Every record below should be repeated word for word, with the pictures left out.
----- Supplied data
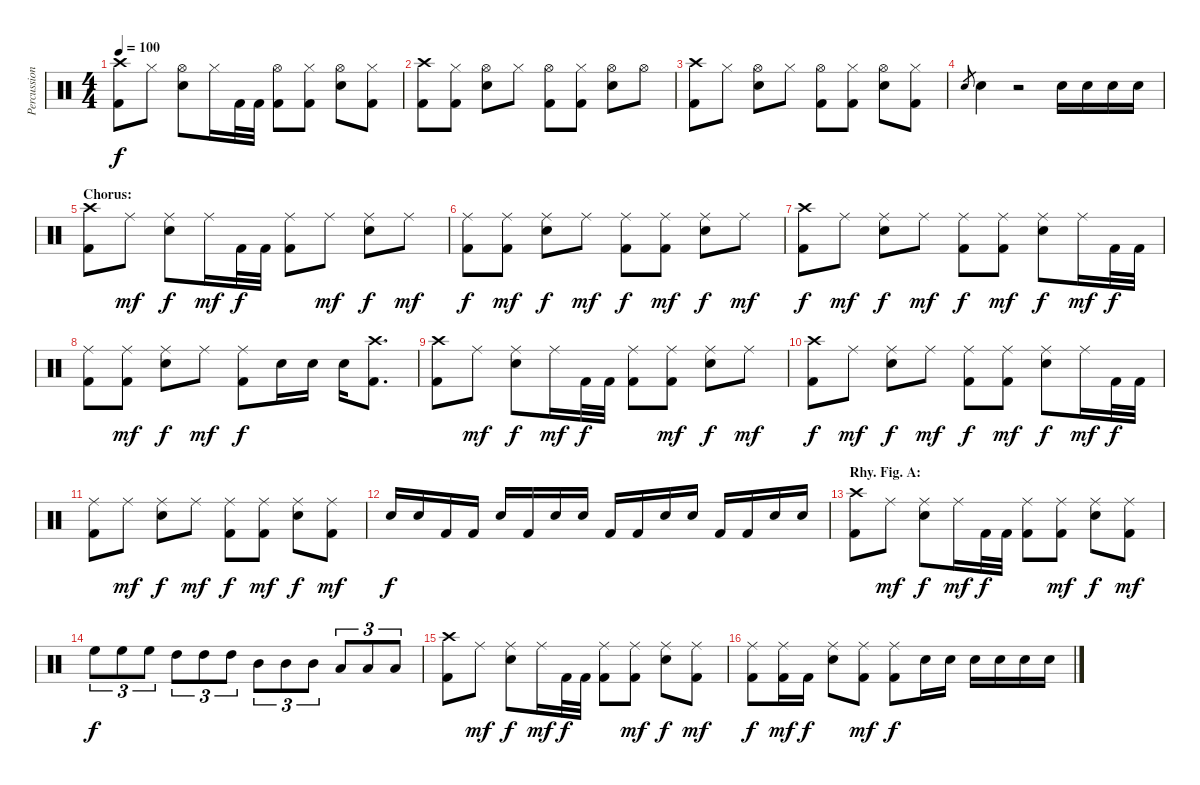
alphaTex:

\track ("Percussion" "Percussion") {instrument percussion}
\staff {score}
\articulation defaults
\ts (4 4)
\tempo 100
\clef neutral
\ks c
("Crash high (hit)" "Kick (hit) 2").8{dy f} "Hi-Hat (closed)".8 ("Hi-Hat (open)" "Electric Snare (hit)").8 "Hi-Hat (closed)".16 "Kick (hit) 2".32 "Kick (hit) 2".32 ("Hi-Hat (open)" "Kick (hit) 2").8 ("Hi-Hat (closed)" "Kick (hit) 2").8 ("Hi-Hat (open)" "Electric Snare (hit)").8 ("Hi-Hat (closed)" "Kick (hit) 2").8 |
("Crash high (hit)" "Kick (hit) 2").8 ("Hi-Hat (closed)" "Kick (hit) 2").8 ("Hi-Hat (open)" "Electric Snare (hit)").8 "Hi-Hat (closed)".8 ("Hi-Hat (open)" "Kick (hit) 2").8 ("Hi-Hat (closed)" "Kick (hit) 2").8 ("Hi-Hat (open)" "Electric Snare (hit)").8 "Hi-Hat (open)".8 |
("Crash high (hit)" "Kick (hit) 2").8 "Hi-Hat (closed)".8 ("Hi-Hat (open)" "Electric Snare (hit)").8 "Hi-Hat (closed)".8 ("Hi-Hat (open)" "Kick (hit) 2").8 ("Hi-Hat (closed)" "Kick (hit) 2").8 ("Hi-Hat (open)" "Electric Snare (hit)").8 ("Hi-Hat (closed)" "Kick (hit) 2").8 |
"Electric Snare (hit)".8{gr} "Electric Snare (hit)".4 r.2 "Electric Snare (hit)".16 "Electric Snare (hit)".16 "Electric Snare (hit)".16 "Electric Snare (hit)".16 |
\section ("" "Chorus:")
("Crash high (hit)" "Kick (hit) 2").8 "Ride (middle)".8{dy mf} ("Ride (middle)" "Electric Snare (hit)").8{dy f} "Ride (middle)".16{dy mf} "Kick (hit) 2".32{dy f} "Kick (hit) 2".32 ("Ride (middle)" "Kick (hit) 2").8 "Ride (middle)".8{dy mf} ("Ride (middle)" "Electric Snare (hit)").8{dy f} "Ride (middle)".8{dy mf} |
("Ride (middle)" "Kick (hit) 2").8{dy f} ("Ride (middle)" "Kick (hit) 2").8{dy mf} ("Ride (middle)" "Electric Snare (hit)").8{dy f} "Ride (middle)".8{dy mf} ("Ride (middle)" "Kick (hit) 2").8{dy f} ("Ride (middle)" "Kick (hit) 2").8{dy mf} ("Ride (middle)" "Electric Snare (hit)").8{dy f} "Ride (middle)".8{dy mf} |
("Crash high (hit)" "Kick (hit) 2").8{dy f} "Ride (middle)".8{dy mf} ("Ride (middle)" "Electric Snare (hit)").8{dy f} "Ride (middle)".8{dy mf} ("Ride (middle)" "Kick (hit) 2").8{dy f} ("Ride (middle)" "Kick (hit) 2").8{dy mf} ("Ride (middle)" "Electric Snare (hit)").8{dy f} "Ride (middle)".16{dy mf} "Kick (hit) 2".32{dy f} "Kick (hit) 2".32 |
("Ride (middle)" "Kick (hit) 2").8 ("Ride (middle)" "Kick (hit) 2").8{dy mf} ("Ride (middle)" "Electric Snare (hit)").8{dy f} "Ride (middle)".8{dy mf} ("Ride (middle)" "Kick (hit) 2").8{dy f} "Electric Snare (hit)".16 "Electric Snare (hit)".16 "Electric Snare (hit)".16 ("Crash high (hit)" "Kick (hit) 2").8{d} |
("Crash high (hit)" "Kick (hit) 2").8 "Ride (middle)".8{dy mf} ("Ride (middle)" "Electric Snare (hit)").8{dy f} "Ride (middle)".16{dy mf} "Kick (hit) 2".32{dy f} "Kick (hit) 2".32 ("Ride (middle)" "Kick (hit) 2").8 ("Ride (middle)" "Kick (hit) 2").8{dy mf} ("Ride (middle)" "Electric Snare (hit)").8{dy f} "Ride (middle)".8{dy mf} |
("Crash high (hit)" "Kick (hit) 2").8{dy f} "Ride (middle)".8{dy mf} ("Ride (middle)" "Electric Snare (hit)").8{dy f} "Ride (middle)".8{dy mf} ("Ride (middle)" "Kick (hit) 2").8{dy f} ("Ride (middle)" "Kick (hit) 2").8{dy mf} ("Ride (middle)" "Electric Snare (hit)").8{dy f} "Ride (middle)".16{dy mf} "Kick (hit) 2".32{dy f} "Kick (hit) 2".32 |
("Ride (middle)" "Kick (hit) 2").8 "Ride (middle)".8{dy mf} ("Ride (middle)" "Electric Snare (hit)").8{dy f} "Ride (middle)".8{dy mf} ("Ride (middle)" "Kick (hit) 2").8{dy f} ("Ride (middle)" "Kick (hit) 2").8{dy mf} ("Ride (middle)" "Electric Snare (hit)").8{dy f} ("Ride (middle)" "Kick (hit) 2").8{dy mf} |
"Electric Snare (hit)".16{dy f} "Electric Snare (hit)".16 "Kick (hit) 2".16 "Kick (hit) 2".16 "Electric Snare (hit)".16 "Kick (hit) 2".16 "Electric Snare (hit)".16 "Electric Snare (hit)".16 "Kick (hit) 2".16 "Kick (hit) 2".16 "Electric Snare (hit)".16 "Electric Snare (hit)".16 "Kick (hit) 2".16 "Kick (hit) 2".16 "Electric Snare (hit)".16 "Electric Snare (hit)".16 |
\section ("" "Rhy. Fig. A:")
("Crash high (hit)" "Kick (hit) 2").8 "Ride (middle)".8{dy mf} ("Ride (middle)" "Electric Snare (hit)").8{dy f} "Ride (middle)".16{dy mf} "Kick (hit) 2".32{dy f} "Kick (hit) 2".32 ("Ride (middle)" "Kick (hit) 2").8 ("Ride (middle)" "Kick (hit) 2").8{dy mf} ("Ride (middle)" "Electric Snare (hit)").8{dy f} ("Ride (middle)" "Kick (hit) 2").8{dy mf} |
"High Floor Tom (hit)".8{tu (3 2) dy f} "High Floor Tom (hit)".8{tu (3 2)} "High Floor Tom (hit)".8{tu (3 2)} "High Tom (hit)".8{tu (3 2)} "High Tom (hit)".8{tu (3 2)} "High Tom (hit)".8{tu (3 2)} "Mid Tom (hit)".8{tu (3 2)} "Mid Tom (hit)".8{tu (3 2)} "Mid Tom (hit)".8{tu (3 2)} "Low Tom (hit)".8{tu (3 2)} "Low Tom (hit)".8{tu (3 2)} "Low Tom (hit)".8{tu (3 2)} |
("Crash high (hit)" "Kick (hit) 2").8 "Ride (middle)".8{dy mf} ("Ride (middle)" "Electric Snare (hit)").8{dy f} "Ride (middle)".16{dy mf} "Kick (hit) 2".32{dy f} "Kick (hit) 2".32 ("Ride (middle)" "Kick (hit) 2").8 ("Ride (middle)" "Kick (hit) 2").8{dy mf} ("Ride (middle)" "Electric Snare (hit)").8{dy f} ("Ride (middle)" "Kick (hit) 2").8{dy mf} |
("Ride (middle)" "Kick (hit) 2").8{dy f} ("Ride (middle)" "Kick (hit) 2").16{dy mf} "Kick (hit) 2".16{dy f} ("Ride (middle)" "Electric Snare (hit)").8 ("Ride (middle)" "Kick (hit) 2").8{dy mf} ("Ride (middle)" "Kick (hit) 2").8{dy f} "Electric Snare (hit)".16 "Electric Snare (hit)".16 "Electric Snare (hit)".16 "Electric Snare (hit)".16 "Electric Snare (hit)".16 "Electric Snare (hit)".16
----------
## Completed exercise
alphaTex:

\track ("Percussion" "Percussion") {instrument percussion}
\staff {score}
\articulation defaults
\ts (4 4)
\tempo 100
\clef neutral
\ks c
("Crash high (hit)" "Kick (hit) 2").8{dy f} "Hi-Hat (closed)".8 ("Hi-Hat (open)" "Electric Snare (hit)").8 "Hi-Hat (closed)".16 "Kick (hit) 2".32 "Kick (hit) 2".32 ("Hi-Hat (open)" "Kick (hit) 2").8 ("Hi-Hat (closed)" "Kick (hit) 2").8 ("Hi-Hat (open)" "Electric Snare (hit)").8 ("Hi-Hat (closed)" "Kick (hit) 2").8 |
("Crash high (hit)" "Kick (hit) 2").8 ("Hi-Hat (closed)" "Kick (hit) 2").8 ("Hi-Hat (open)" "Electric Snare (hit)").8 "Hi-Hat (closed)".8 ("Hi-Hat (open)" "Kick (hit) 2").8 ("Hi-Hat (closed)" "Kick (hit) 2").8 ("Hi-Hat (open)" "Electric Snare (hit)").8 "Hi-Hat (open)".8 |
("Crash high (hit)" "Kick (hit) 2").8 "Hi-Hat (closed)".8 ("Hi-Hat (open)" "Electric Snare (hit)").8 "Hi-Hat (closed)".8 ("Hi-Hat (open)" "Kick (hit) 2").8 ("Hi-Hat (closed)" "Kick (hit) 2").8 ("Hi-Hat (open)" "Electric Snare (hit)").8 ("Hi-Hat (closed)" "Kick (hit) 2").8 |
"Electric Snare (hit)".8{gr} "Electric Snare (hit)".4 r.2 "Electric Snare (hit)".16 "Electric Snare (hit)".16 "Electric Snare (hit)".16 "Electric Snare (hit)".16 |
\section ("" "Chorus:")
("Crash high (hit)" "Kick (hit) 2").8 "Ride (middle)".8{dy mf} ("Ride (middle)" "Electric Snare (hit)").8{dy f} "Ride (middle)".16{dy mf} "Kick (hit) 2".32{dy f} "Kick (hit) 2".32 ("Ride (middle)" "Kick (hit) 2").8 "Ride (middle)".8{dy mf} ("Ride (middle)" "Electric Snare (hit)").8{dy f} "Ride (middle)".8{dy mf} |
("Ride (middle)" "Kick (hit) 2").8{dy f} ("Ride (middle)" "Kick (hit) 2").8{dy mf} ("Ride (middle)" "Electric Snare (hit)").8{dy f} "Ride (middle)".8{dy mf} ("Ride (middle)" "Kick (hit) 2").8{dy f} ("Ride (middle)" "Kick (hit) 2").8{dy mf} ("Ride (middle)" "Electric Snare (hit)").8{dy f} "Ride (middle)".8{dy mf} |
("Crash high (hit)" "Kick (hit) 2").8{dy f} "Ride (middle)".8{dy mf} ("Ride (middle)" "Electric Snare (hit)").8{dy f} "Ride (middle)".8{dy mf} ("Ride (middle)" "Kick (hit) 2").8{dy f} ("Ride (middle)" "Kick (hit) 2").8{dy mf} ("Ride (middle)" "Electric Snare (hit)").8{dy f} "Ride (middle)".16{dy mf} "Kick (hit) 2".32{dy f} "Kick (hit) 2".32 |
("Ride (middle)" "Kick (hit) 2").8 ("Ride (middle)" "Kick (hit) 2").8{dy mf} ("Ride (middle)" "Electric Snare (hit)").8{dy f} "Ride (middle)".8{dy mf} ("Ride (middle)" "Kick (hit) 2").8{dy f} "Electric Snare (hit)".16 "Electric Snare (hit)".16 "Electric Snare (hit)".16 ("Crash high (hit)" "Kick (hit) 2").8{d} |
("Crash high (hit)" "Kick (hit) 2").8 "Ride (middle)".8{dy mf} ("Ride (middle)" "Electric Snare (hit)").8{dy f} "Ride (middle)".16{dy mf} "Kick (hit) 2".32{dy f} "Kick (hit) 2".32 ("Ride (middle)" "Kick (hit) 2").8 ("Ride (middle)" "Kick (hit) 2").8{dy mf} ("Ride (middle)" "Electric Snare (hit)").8{dy f} "Ride (middle)".8{dy mf} |
("Crash high (hit)" "Kick (hit) 2").8{dy f} "Ride (middle)".8{dy mf} ("Ride (middle)" "Electric Snare (hit)").8{dy f} "Ride (middle)".8{dy mf} ("Ride (middle)" "Kick (hit) 2").8{dy f} ("Ride (middle)" "Kick (hit) 2").8{dy mf} ("Ride (middle)" "Electric Snare (hit)").8{dy f} "Ride (middle)".16{dy mf} "Kick (hit) 2".32{dy f} "Kick (hit) 2".32 |
("Ride (middle)" "Kick (hit) 2").8 "Ride (middle)".8{dy mf} ("Ride (middle)" "Electric Snare (hit)").8{dy f} "Ride (middle)".8{dy mf} ("Ride (middle)" "Kick (hit) 2").8{dy f} ("Ride (middle)" "Kick (hit) 2").8{dy mf} ("Ride (middle)" "Electric Snare (hit)").8{dy f} ("Ride (middle)" "Kick (hit) 2").8{dy mf} |
"Electric Snare (hit)".16{dy f} "Electric Snare (hit)".16 "Kick (hit) 2".16 "Kick (hit) 2".16 "Electric Snare (hit)".16 "Kick (hit) 2".16 "Electric Snare (hit)".16 "Electric Snare (hit)".16 "Kick (hit) 2".16 "Kick (hit) 2".16 "Electric Snare (hit)".16 "Electric Snare (hit)".16 "Kick (hit) 2".16 "Kick (hit) 2".16 "Electric Snare (hit)".16 "Electric Snare (hit)".16 |
\section ("" "Rhy. Fig. A:")
("Crash high (hit)" "Kick (hit) 2").8 "Ride (middle)".8{dy mf} ("Ride (middle)" "Electric Snare (hit)").8{dy f} "Ride (middle)".16{dy mf} "Kick (hit) 2".32{dy f} "Kick (hit) 2".32 ("Ride (middle)" "Kick (hit) 2").8 ("Ride (middle)" "Kick (hit) 2").8{dy mf} ("Ride (middle)" "Electric Snare (hit)").8{dy f} ("Ride (middle)" "Kick (hit) 2").8{dy mf} |
"High Floor Tom (hit)".8{tu (3 2) dy f} "High Floor Tom (hit)".8{tu (3 2)} "High Floor Tom (hit)".8{tu (3 2)} "High Tom (hit)".8{tu (3 2)} "High Tom (hit)".8{tu (3 2)} "High Tom (hit)".8{tu (3 2)} "Mid Tom (hit)".8{tu (3 2)} "Mid Tom (hit)".8{tu (3 2)} "Mid Tom (hit)".8{tu (3 2)} "Low Tom (hit)".8{tu (3 2)} "Low Tom (hit)".8{tu (3 2)} "Low Tom (hit)".8{tu (3 2)} |
("Crash high (hit)" "Kick (hit) 2").8 "Ride (middle)".8{dy mf} ("Ride (middle)" "Electric Snare (hit)").8{dy f} "Ride (middle)".16{dy mf} "Kick (hit) 2".32{dy f} "Kick (hit) 2".32 ("Ride (middle)" "Kick (hit) 2").8 ("Ride (middle)" "Kick (hit) 2").8{dy mf} ("Ride (middle)" "Electric Snare (hit)").8{dy f} ("Ride (middle)" "Kick (hit) 2").8{dy mf} |
("Ride (middle)" "Kick (hit) 2").8{dy f} ("Ride (middle)" "Kick (hit) 2").16{dy mf} "Kick (hit) 2".16{dy f} ("Ride (middle)" "Electric Snare (hit)").8 ("Ride (middle)" "Kick (hit) 2").8{dy mf} ("Ride (middle)" "Kick (hit) 2").8{dy f} "Electric Snare (hit)".16 "Electric Snare (hit)".16 "Electric Snare (hit)".16 "Electric Snare (hit)".16 "Electric Snare (hit)".16 "Electric Snare (hit)".16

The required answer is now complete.